Other matters. The functions and powers of the above general meeting of shareholders shall not be authorized, and the functions and powers of the above general meeting of shareholders shall not be exercised by the board of directors or other institutions and individuals through authorization. The form shall be exercised by the board of directors or other institutions and individuals.
Article 50 if the board of supervisors or shareholders decide to convene the general meeting of shareholders on their own, they shall notify the board of directors in writing. If the general meeting of shareholders is held at the same time, they shall notify the board of directors in writing and report to Hunan securities regulatory bureau and Shenzhen Stock Exchange for the record. Shenzhen stock exchange for record.

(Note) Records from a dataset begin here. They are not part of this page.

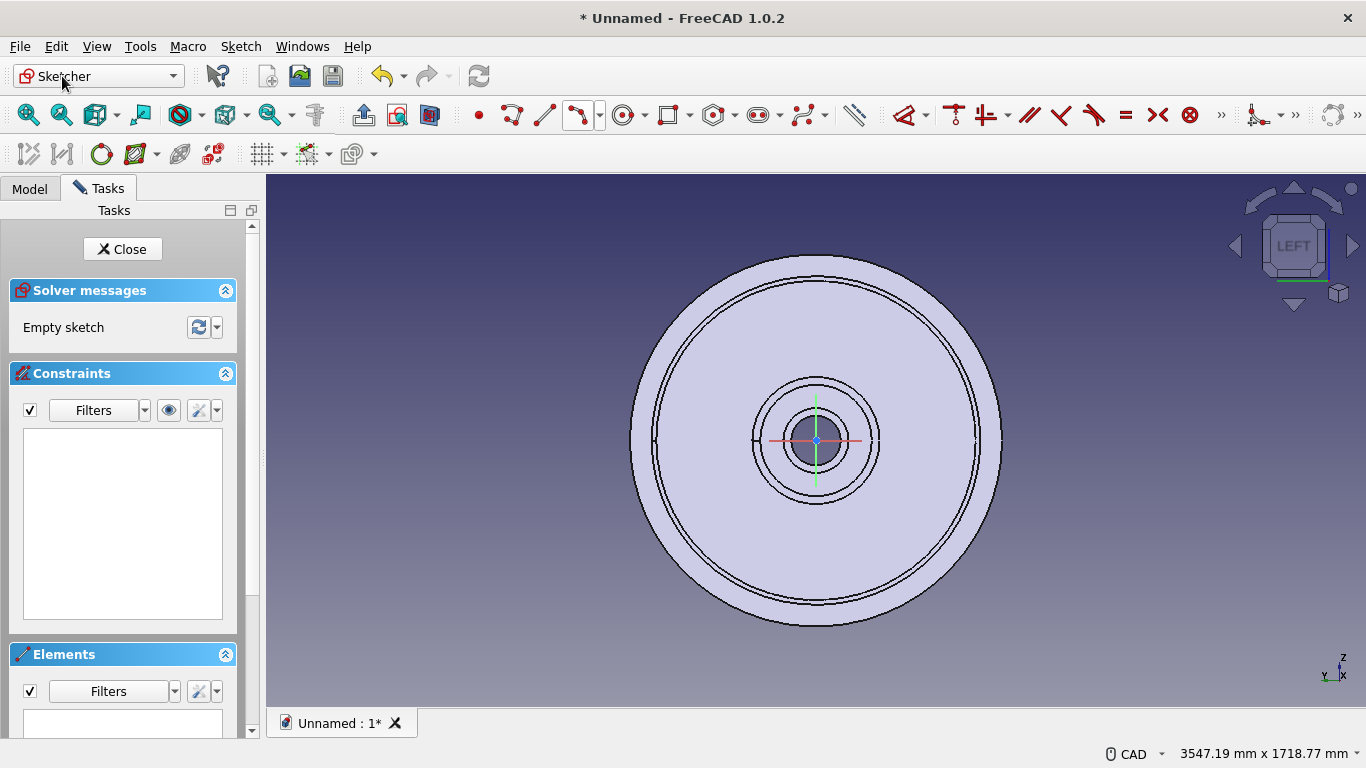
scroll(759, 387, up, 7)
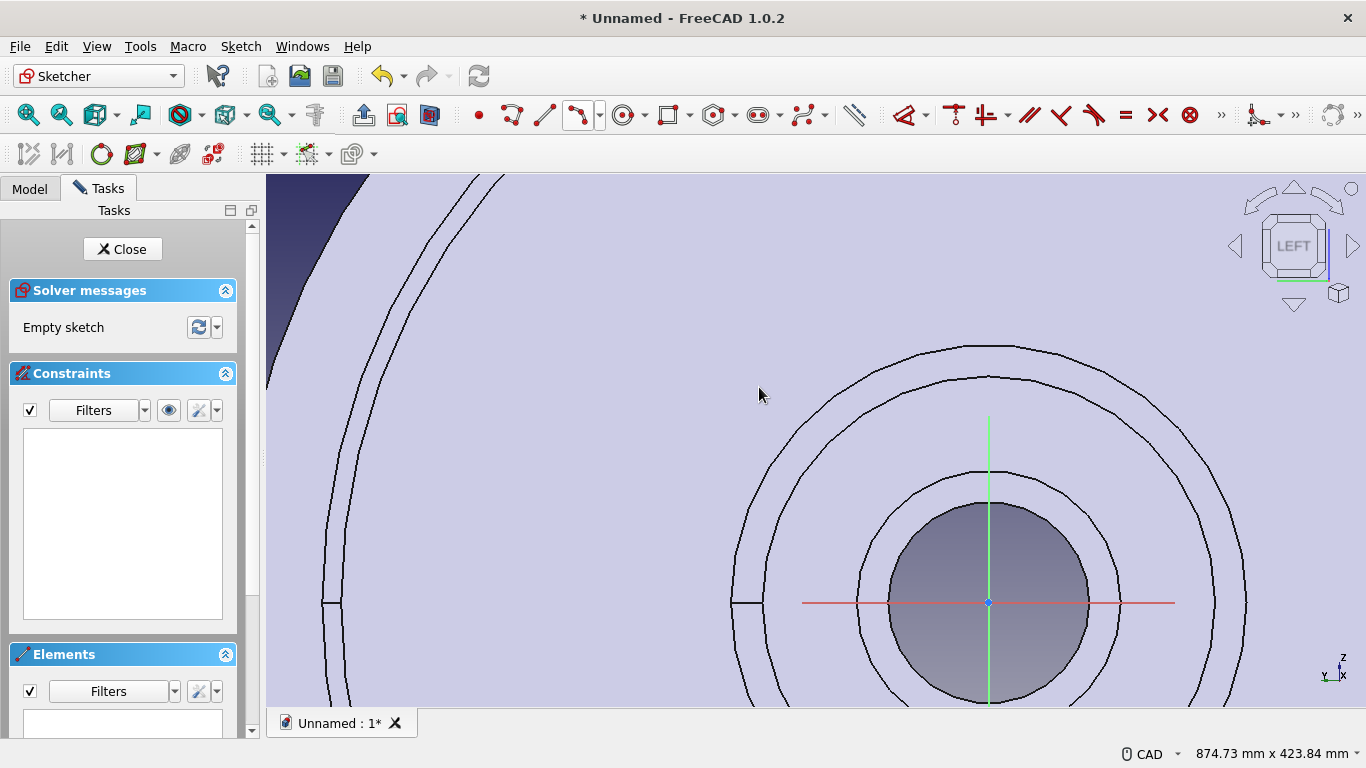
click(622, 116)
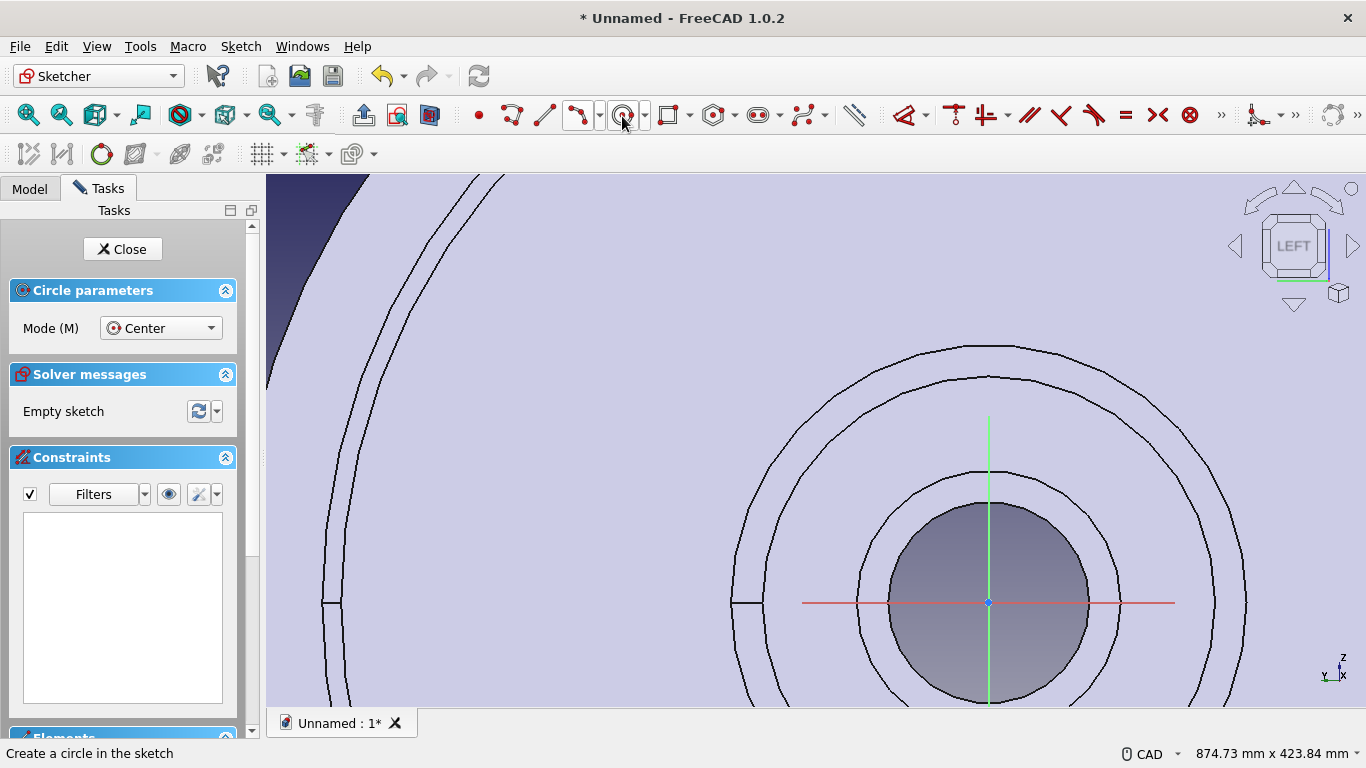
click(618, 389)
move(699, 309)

During the period from the issuance of the notice of the general meeting of shareholders to the end of the general meeting of shareholders and before the announcement of the resolution of the general meeting of shareholders, the shareholding ratio of the convening shareholders shall not be less than 10%. The convening shareholders shall issue 10% of the shares. The convening shareholders shall apply for holding the company’s shares during the lock-in period before issuing the notice of the general meeting of shareholders and the company’s shares during the lock-in period before issuing the notice of the general meeting of shareholders.
Copies. The board of supervisors or convening shareholders shall issue the general meeting of shareholders, and the convening shareholders shall submit relevant supporting materials to Hunan securities regulatory bureau and Shenzhen Stock Exchange when issuing the notice of the general meeting of shareholders and the announcement of the resolution of the general meeting of shareholders, and when announcing the resolution of the East general meeting of Shenzhen Securities Exchange. The stock exchange shall submit relevant supporting materials.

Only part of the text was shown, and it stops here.